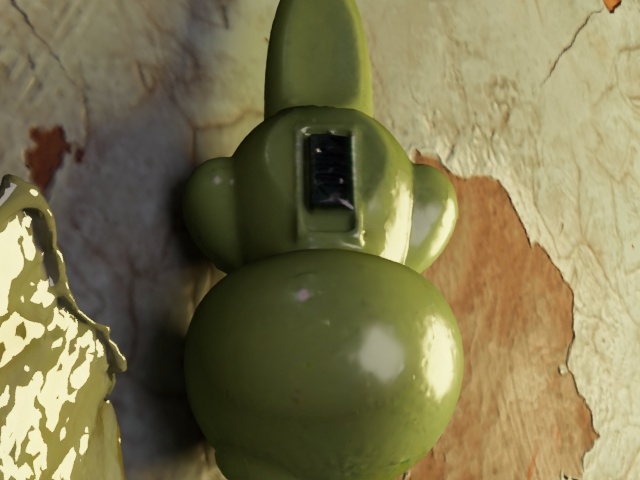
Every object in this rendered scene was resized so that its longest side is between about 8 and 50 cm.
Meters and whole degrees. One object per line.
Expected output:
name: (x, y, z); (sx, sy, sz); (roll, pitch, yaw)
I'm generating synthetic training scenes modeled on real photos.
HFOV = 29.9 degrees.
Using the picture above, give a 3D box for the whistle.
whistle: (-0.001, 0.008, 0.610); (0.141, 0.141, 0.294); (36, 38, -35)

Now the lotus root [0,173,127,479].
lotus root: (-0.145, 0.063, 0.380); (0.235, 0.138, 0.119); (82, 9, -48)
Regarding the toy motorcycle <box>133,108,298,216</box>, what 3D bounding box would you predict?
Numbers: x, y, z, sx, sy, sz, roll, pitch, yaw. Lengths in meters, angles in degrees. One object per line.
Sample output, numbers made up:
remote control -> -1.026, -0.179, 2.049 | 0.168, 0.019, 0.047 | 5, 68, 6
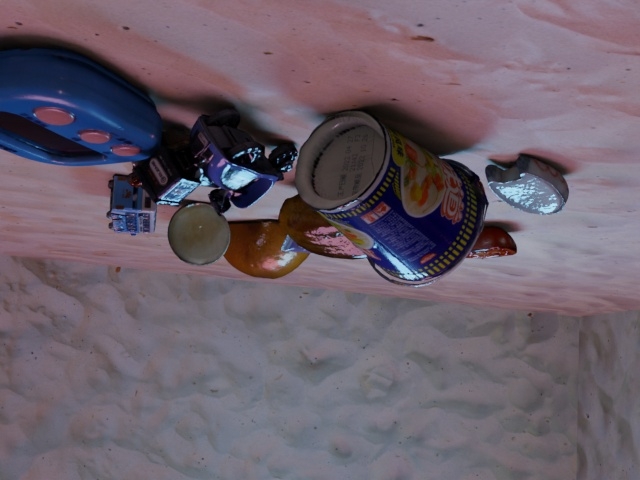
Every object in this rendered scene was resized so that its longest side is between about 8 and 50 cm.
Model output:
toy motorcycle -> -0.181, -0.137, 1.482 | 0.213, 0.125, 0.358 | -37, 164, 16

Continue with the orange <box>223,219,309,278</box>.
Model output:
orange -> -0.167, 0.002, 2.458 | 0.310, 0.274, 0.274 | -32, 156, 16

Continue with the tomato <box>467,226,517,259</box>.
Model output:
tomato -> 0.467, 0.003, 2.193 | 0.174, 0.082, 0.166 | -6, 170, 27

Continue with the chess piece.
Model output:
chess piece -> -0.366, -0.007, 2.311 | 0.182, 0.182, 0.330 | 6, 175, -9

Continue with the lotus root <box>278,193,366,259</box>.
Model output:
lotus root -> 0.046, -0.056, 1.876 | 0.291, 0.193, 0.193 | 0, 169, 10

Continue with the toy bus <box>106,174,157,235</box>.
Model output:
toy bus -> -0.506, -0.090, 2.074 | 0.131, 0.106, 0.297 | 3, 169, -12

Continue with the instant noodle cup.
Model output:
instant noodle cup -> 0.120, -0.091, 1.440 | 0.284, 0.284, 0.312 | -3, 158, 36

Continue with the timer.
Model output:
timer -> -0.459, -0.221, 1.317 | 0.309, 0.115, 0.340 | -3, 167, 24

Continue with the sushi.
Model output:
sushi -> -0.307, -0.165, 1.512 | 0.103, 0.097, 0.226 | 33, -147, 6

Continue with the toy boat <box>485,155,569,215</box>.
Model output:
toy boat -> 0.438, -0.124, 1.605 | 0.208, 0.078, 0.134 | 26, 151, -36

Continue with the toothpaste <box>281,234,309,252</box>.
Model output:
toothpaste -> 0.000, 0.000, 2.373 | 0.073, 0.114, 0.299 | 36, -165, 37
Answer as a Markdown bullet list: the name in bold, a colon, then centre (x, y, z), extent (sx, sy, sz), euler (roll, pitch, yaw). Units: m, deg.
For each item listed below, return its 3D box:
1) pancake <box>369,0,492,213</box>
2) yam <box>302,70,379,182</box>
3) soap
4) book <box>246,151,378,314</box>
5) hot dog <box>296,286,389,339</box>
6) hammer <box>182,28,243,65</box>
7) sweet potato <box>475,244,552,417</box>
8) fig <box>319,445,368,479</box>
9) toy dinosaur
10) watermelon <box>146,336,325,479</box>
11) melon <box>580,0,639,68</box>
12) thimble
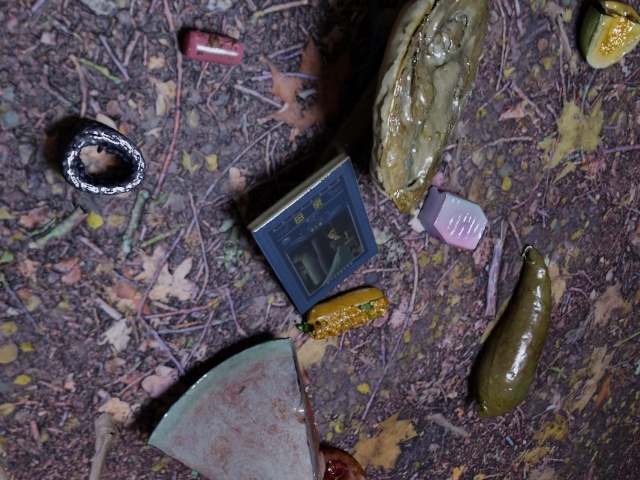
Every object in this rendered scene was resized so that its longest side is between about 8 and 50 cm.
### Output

REQUIRED WORK:
The reply is to be all the records above, transcribed exactly, with no pictures.

SOLUTION TO THIS TASK:
Every object in this rendered scene was resized so that its longest side is between about 8 and 50 cm.
Meters and whole degrees. One object per line.
Expected output:
name: (x, y, z); (sx, sy, sz); (roll, pitch, yaw)
I'm generating synthetic training scenes modeled on real photos.
HFOV = 29.9 degrees.
Using the picture above, give a 3D box for the whistle.
whistle: (-0.001, 0.008, 0.610); (0.141, 0.141, 0.294); (36, 38, -35)

Now the lotus root [0,173,127,479].
lotus root: (-0.145, 0.063, 0.380); (0.235, 0.138, 0.119); (82, 9, -48)
Regarding the toy motorcycle <box>133,108,298,216</box>, what 3D bounding box would you predict?
Numbers: x, y, z, sx, sy, sz, roll, pitch, yaw. Lengths in meters, angles in degrees. One object per line.
Sample output, numbers made up:
remote control -> -1.026, -0.179, 2.049 | 0.168, 0.019, 0.047 | 5, 68, 6
Every object in this rendered scene was resized so that its longest side is between about 8 and 50 cm.
Model output:
toy motorcycle -> -0.181, -0.137, 1.482 | 0.213, 0.125, 0.358 | -37, 164, 16

Continue with the orange <box>223,219,309,278</box>.
Model output:
orange -> -0.167, 0.002, 2.458 | 0.310, 0.274, 0.274 | -32, 156, 16

Continue with the tomato <box>467,226,517,259</box>.
Model output:
tomato -> 0.467, 0.003, 2.193 | 0.174, 0.082, 0.166 | -6, 170, 27

Continue with the chess piece.
Model output:
chess piece -> -0.366, -0.007, 2.311 | 0.182, 0.182, 0.330 | 6, 175, -9

Continue with the lotus root <box>278,193,366,259</box>.
Model output:
lotus root -> 0.046, -0.056, 1.876 | 0.291, 0.193, 0.193 | 0, 169, 10

Continue with the toy bus <box>106,174,157,235</box>.
Model output:
toy bus -> -0.506, -0.090, 2.074 | 0.131, 0.106, 0.297 | 3, 169, -12

Continue with the instant noodle cup.
Model output:
instant noodle cup -> 0.120, -0.091, 1.440 | 0.284, 0.284, 0.312 | -3, 158, 36

Continue with the timer.
Model output:
timer -> -0.459, -0.221, 1.317 | 0.309, 0.115, 0.340 | -3, 167, 24

Continue with the sushi.
Model output:
sushi -> -0.307, -0.165, 1.512 | 0.103, 0.097, 0.226 | 33, -147, 6

Continue with the toy boat <box>485,155,569,215</box>.
Model output:
toy boat -> 0.438, -0.124, 1.605 | 0.208, 0.078, 0.134 | 26, 151, -36

Continue with the toothpaste <box>281,234,309,252</box>.
Model output:
toothpaste -> 0.000, 0.000, 2.373 | 0.073, 0.114, 0.299 | 36, -165, 37
Answer as a Markdown bullet list: the name in bold, a colon, then centre (x, y, z), extent (sx, sy, sz), euler (roll, pitch, yaw). Units: m, deg.
For each item listed below, return its 3D box:
1) pancake <box>369,0,492,213</box>
2) yam <box>302,70,379,182</box>
3) soap
4) book <box>246,151,378,314</box>
5) hot dog <box>296,286,389,339</box>
6) hammer <box>182,28,243,65</box>
7) sweet potato <box>475,244,552,417</box>
8) fig <box>319,445,368,479</box>
9) toy dinosaur
10) watermelon <box>146,336,325,479</box>
11) melon <box>580,0,639,68</box>
12) thimble
Every object in this rendered scene was resized so that its longest side is between about 8 and 50 cm.
### Output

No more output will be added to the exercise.